§ **THE PROBLEM**: An exact transcription of every entry is required. Images are not part of it.

Items listed in a dataset
*** Block opens ***

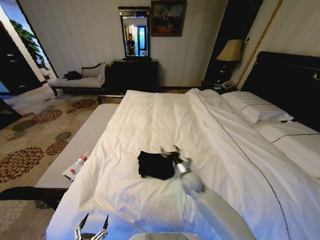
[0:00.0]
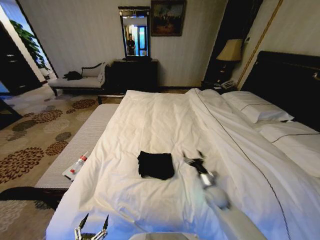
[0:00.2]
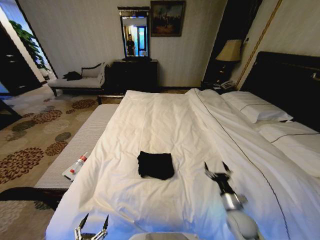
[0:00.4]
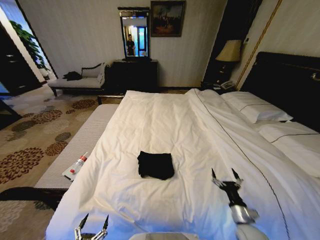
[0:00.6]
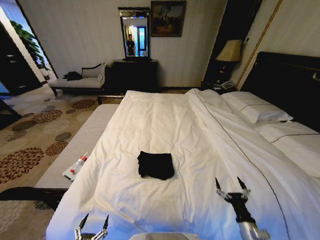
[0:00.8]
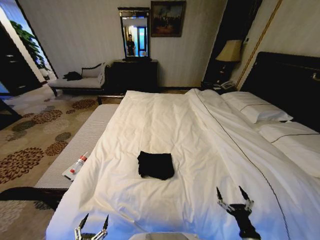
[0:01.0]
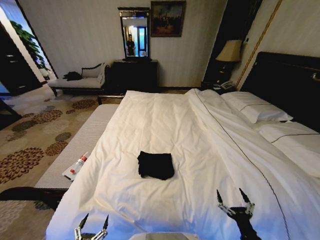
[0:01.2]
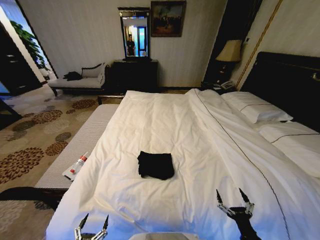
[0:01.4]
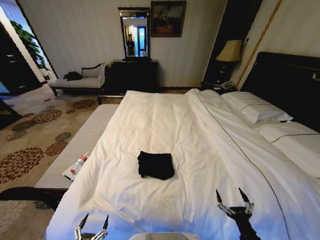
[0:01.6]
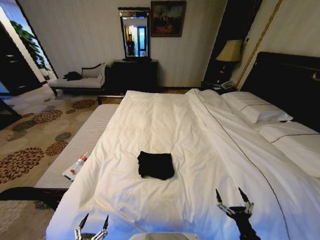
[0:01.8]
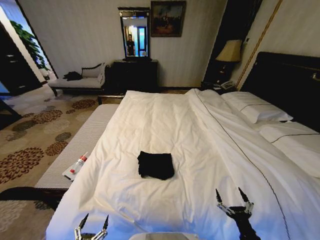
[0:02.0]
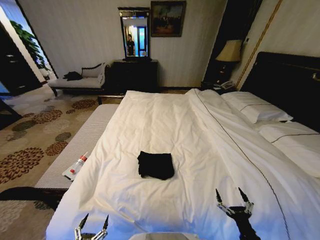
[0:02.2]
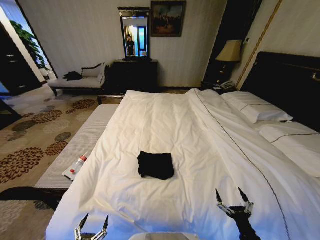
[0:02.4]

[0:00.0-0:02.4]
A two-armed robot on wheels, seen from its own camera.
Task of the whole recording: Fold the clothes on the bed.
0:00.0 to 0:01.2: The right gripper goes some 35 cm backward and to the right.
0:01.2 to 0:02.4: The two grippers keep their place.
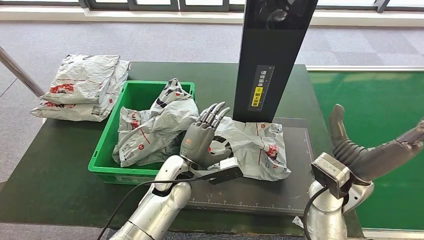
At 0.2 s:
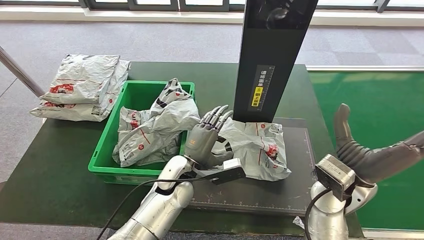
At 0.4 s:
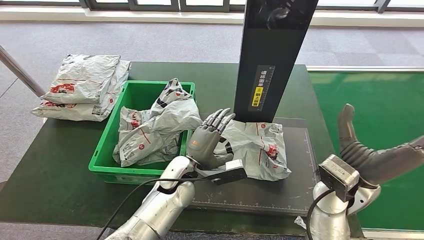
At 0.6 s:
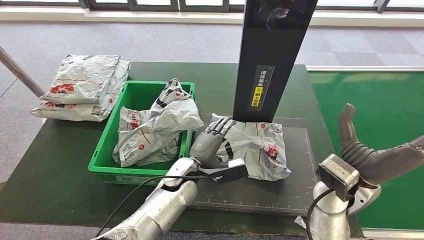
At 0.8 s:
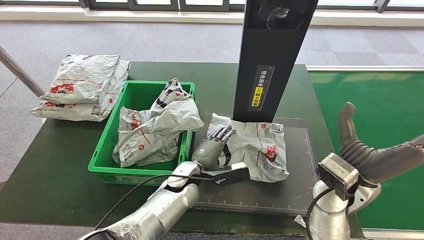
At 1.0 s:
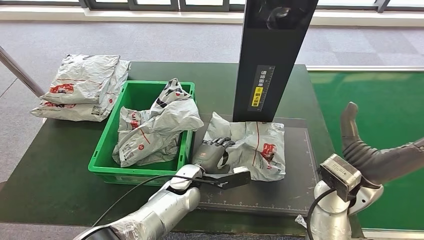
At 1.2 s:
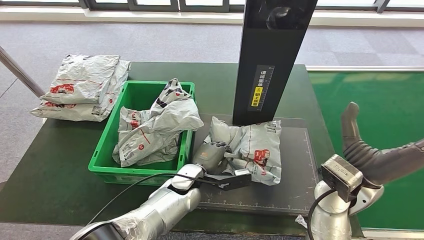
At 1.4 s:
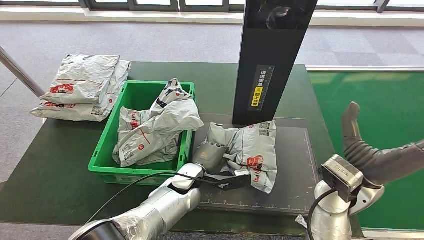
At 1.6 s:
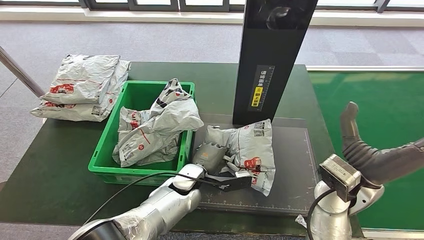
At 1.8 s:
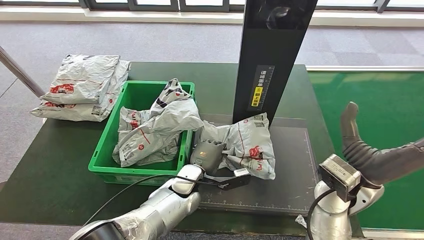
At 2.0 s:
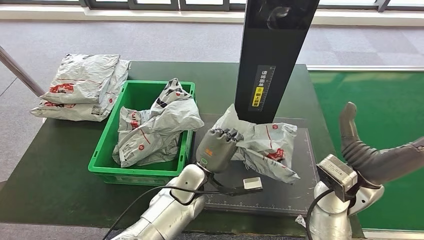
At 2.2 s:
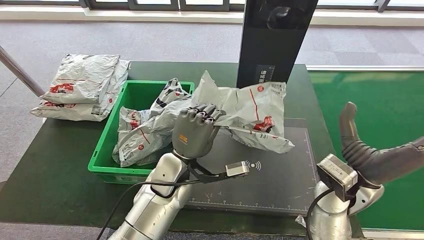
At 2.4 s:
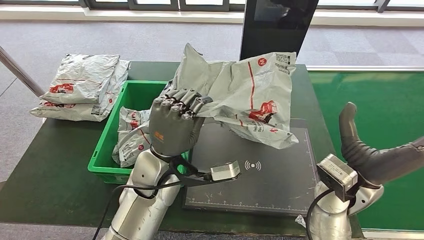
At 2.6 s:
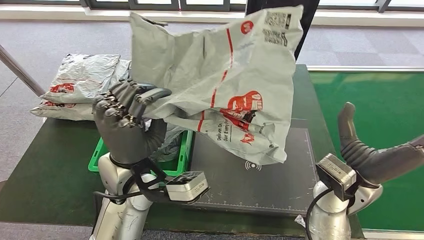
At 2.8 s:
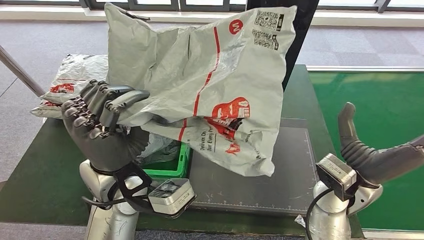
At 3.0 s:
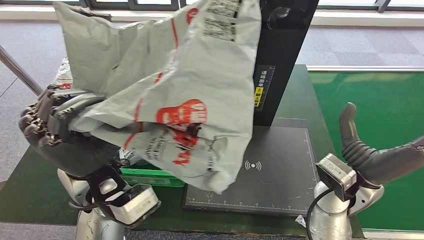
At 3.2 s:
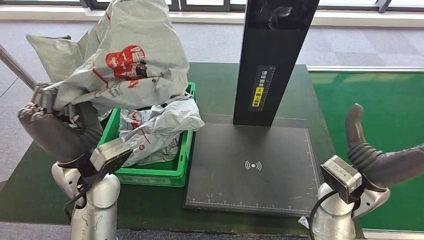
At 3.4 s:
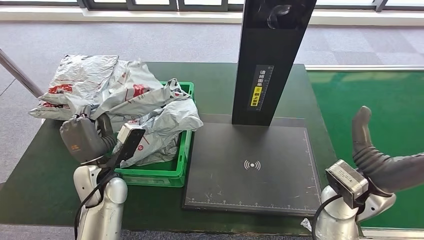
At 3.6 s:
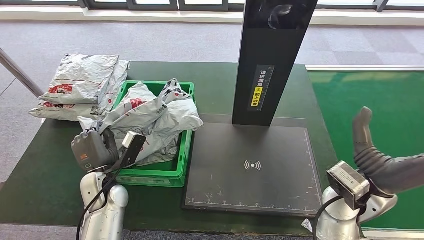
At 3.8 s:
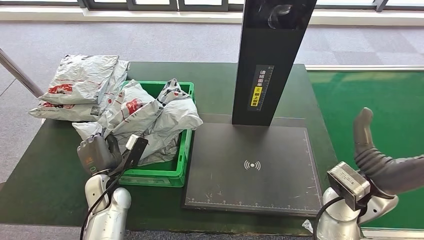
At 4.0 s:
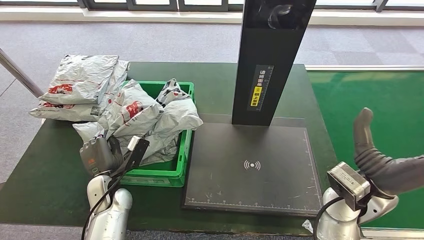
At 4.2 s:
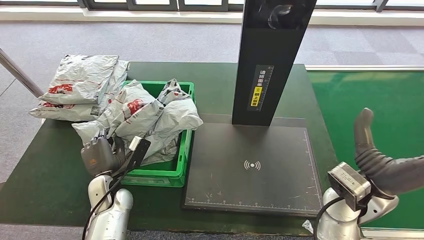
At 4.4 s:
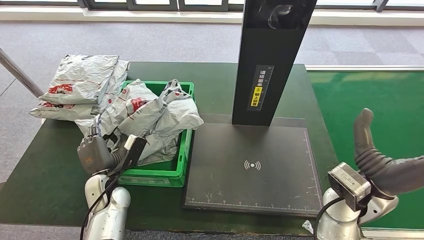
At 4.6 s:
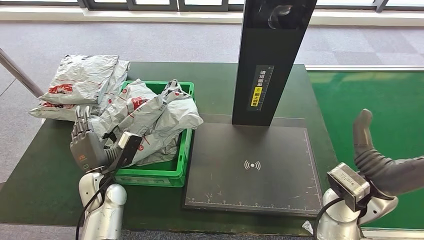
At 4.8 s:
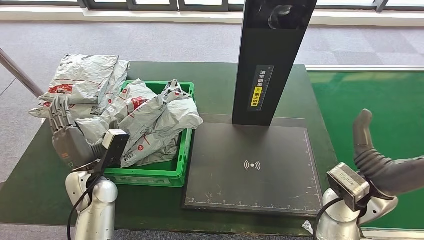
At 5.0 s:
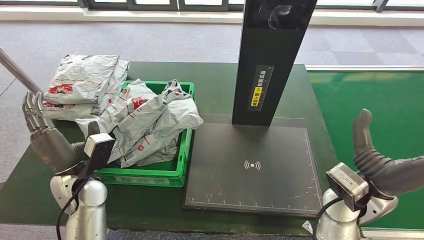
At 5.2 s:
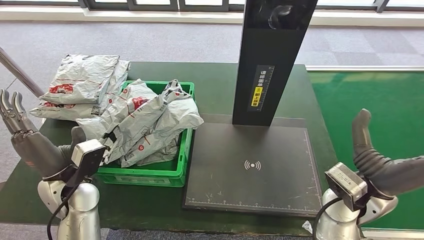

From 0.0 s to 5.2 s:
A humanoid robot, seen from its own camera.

*** Block closes ***

§ **EXERCISE SOLUTION**:
[0:00.0]
[0:00.2]
[0:00.4]
[0:00.6]
[0:00.8]
[0:01.0]
[0:01.2]
[0:01.4]
[0:01.6]
[0:01.8]
[0:02.0]
[0:02.2]
[0:02.4]

[0:00.0-0:02.4]
A two-armed robot on wheels, seen from its own camera.
Task of the whole recording: Fold the clothes on the bed.
0:00.0 to 0:01.2: The right gripper goes some 35 cm backward and to the right.
0:01.2 to 0:02.4: The two grippers keep their place.
At 0.2 s:
At 0.4 s:
At 0.6 s:
At 0.8 s:
At 1.0 s:
At 1.2 s:
At 1.4 s:
At 1.6 s:
At 1.8 s:
At 2.0 s:
At 2.2 s:
At 2.4 s:
At 2.6 s:
At 2.8 s:
At 3.0 s:
At 3.2 s:
At 3.4 s:
At 3.6 s:
At 3.8 s:
At 4.0 s:
At 4.2 s:
At 4.4 s:
At 4.6 s:
At 4.8 s:
At 5.0 s:
At 5.2 s:

From 0.0 s to 5.2 s:
A humanoid robot, seen from its own camera.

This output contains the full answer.